> Source material

■ ■ ■ ■

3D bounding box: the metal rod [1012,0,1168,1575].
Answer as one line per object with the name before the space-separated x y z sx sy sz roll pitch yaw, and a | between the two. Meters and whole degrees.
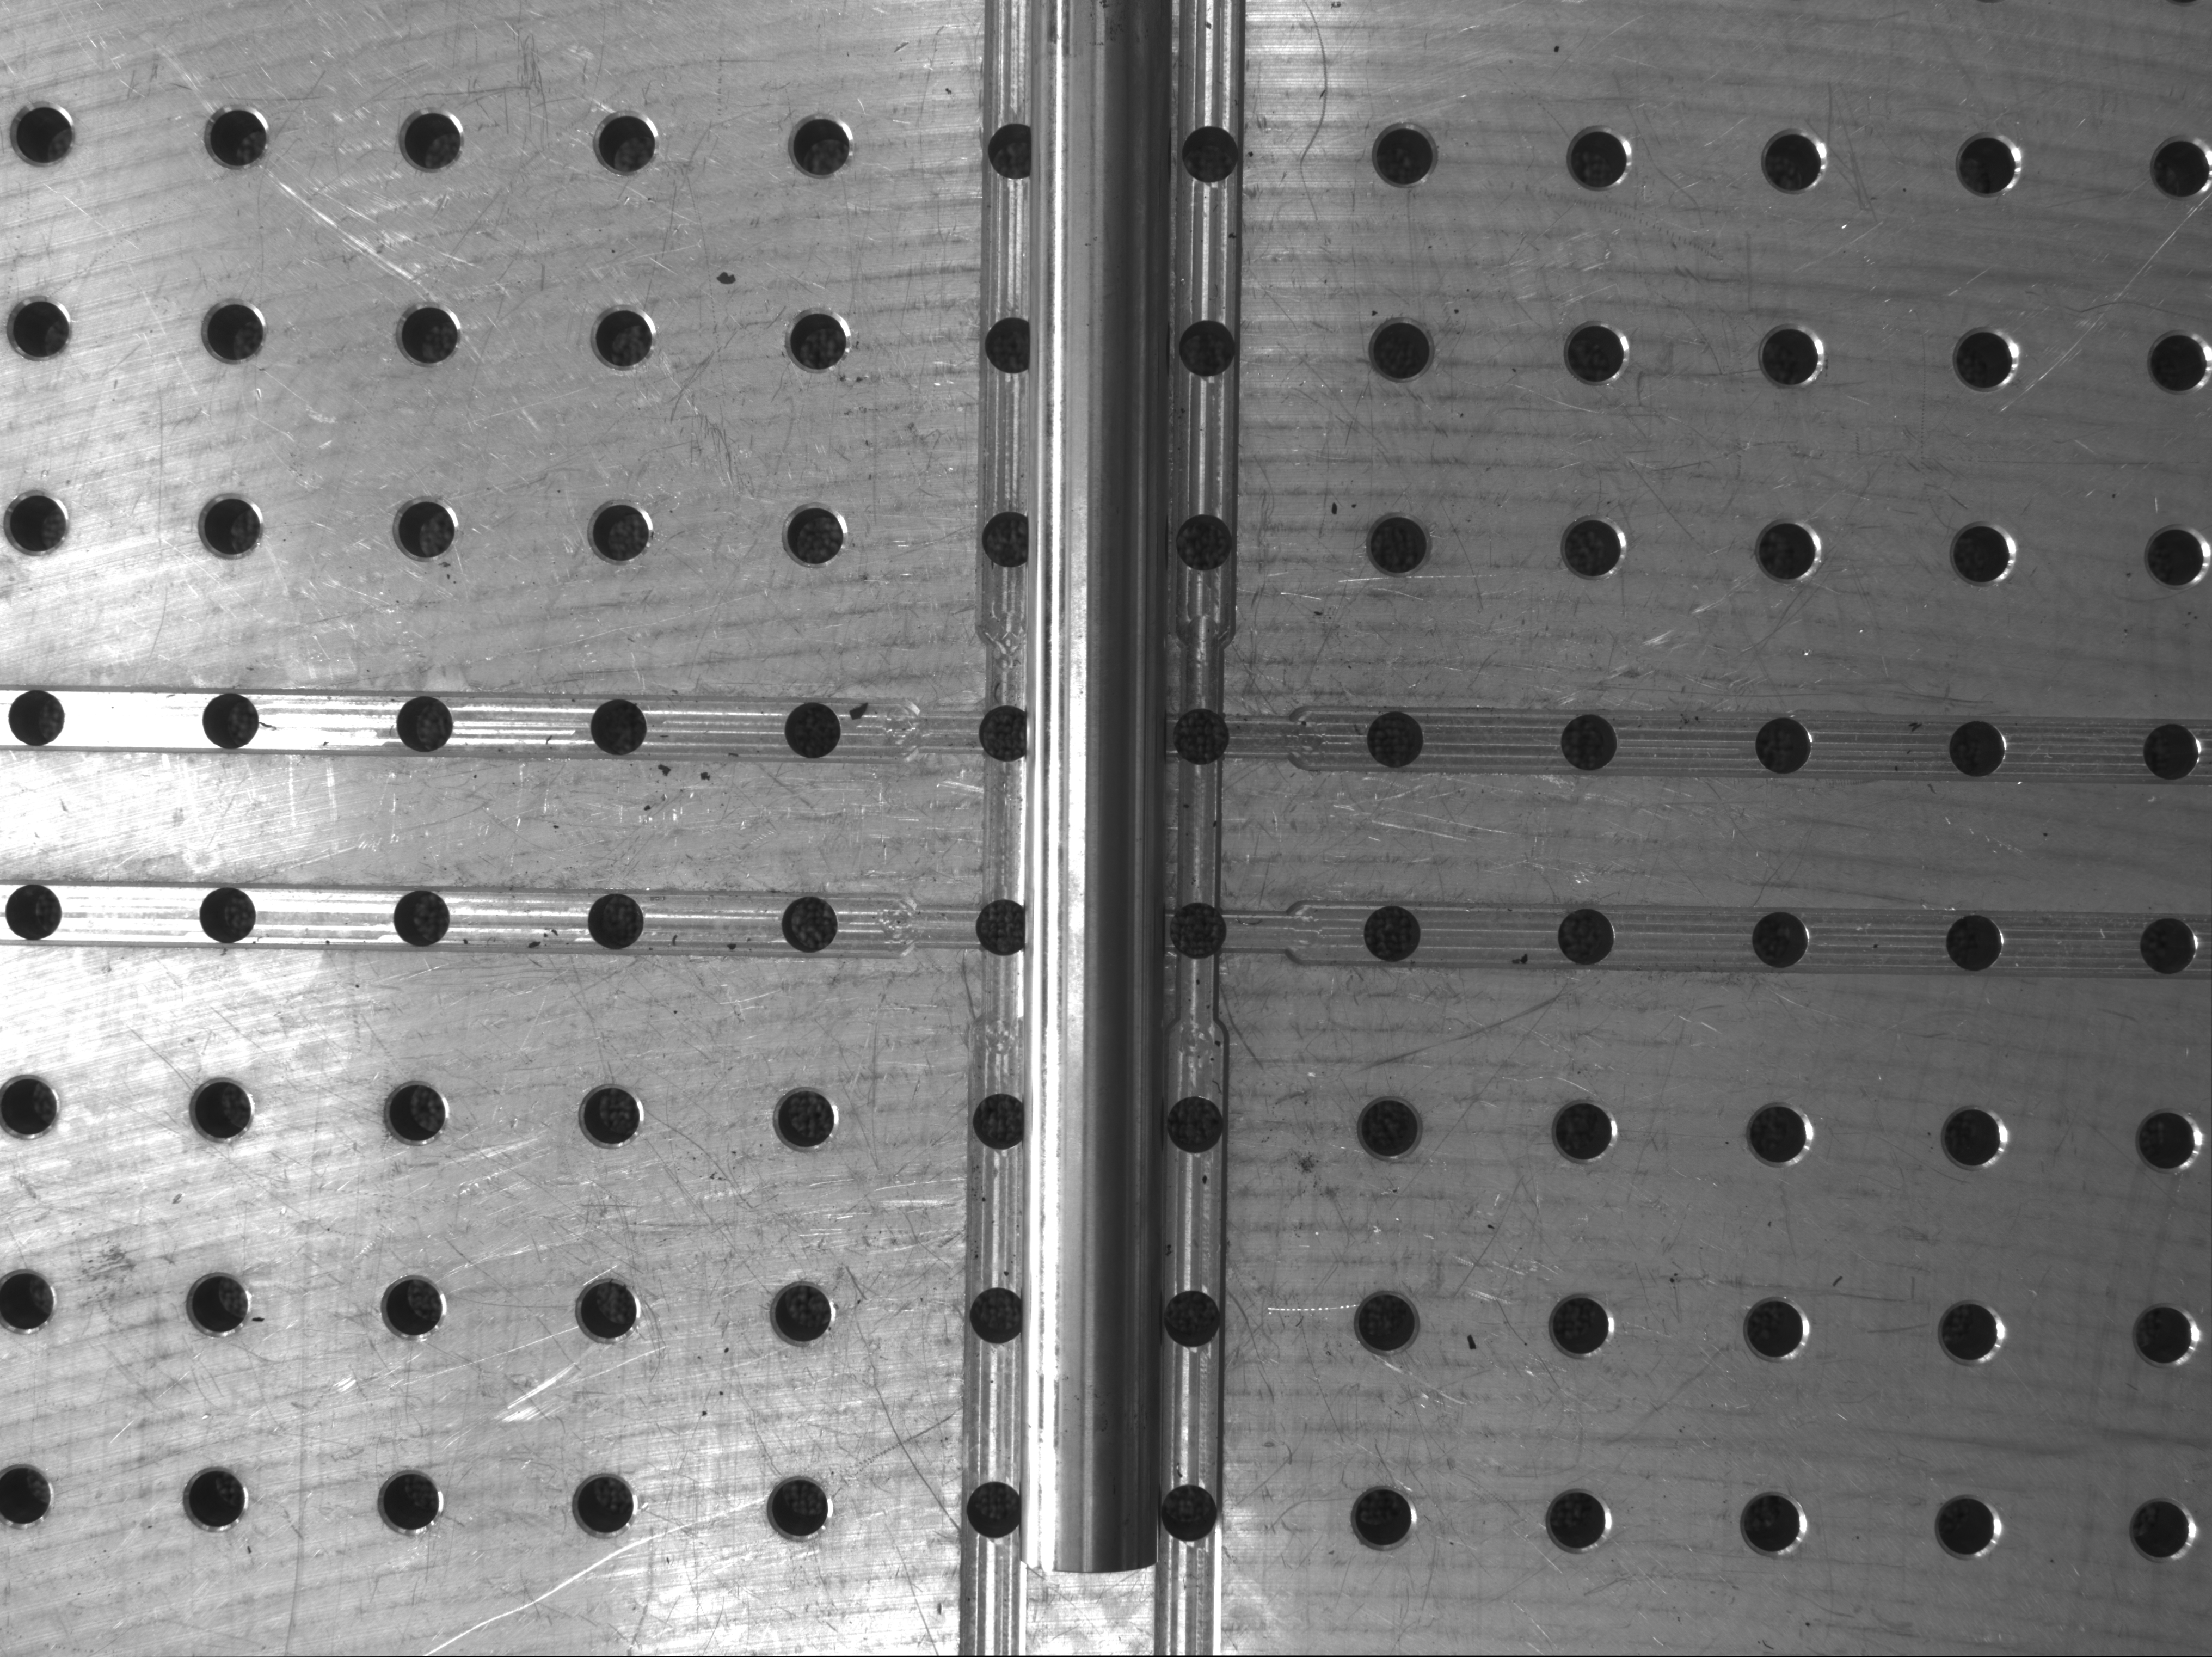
metal rod | -0.003 -0.021 0.649 0.025 0.025 0.300 1 90 0

■ ■ ■ ■

> About this task
Output the lines above in full and exactly as given, omitting any pictures.

> Result of the exercise
3D bounding box: the metal rod [1012,0,1168,1575].
Answer as one line per object with the name before the space-separated x y z sx sy sz roll pitch yaw, and a | between the two. Meters and whole degrees.
metal rod | -0.003 -0.021 0.649 0.025 0.025 0.300 1 90 0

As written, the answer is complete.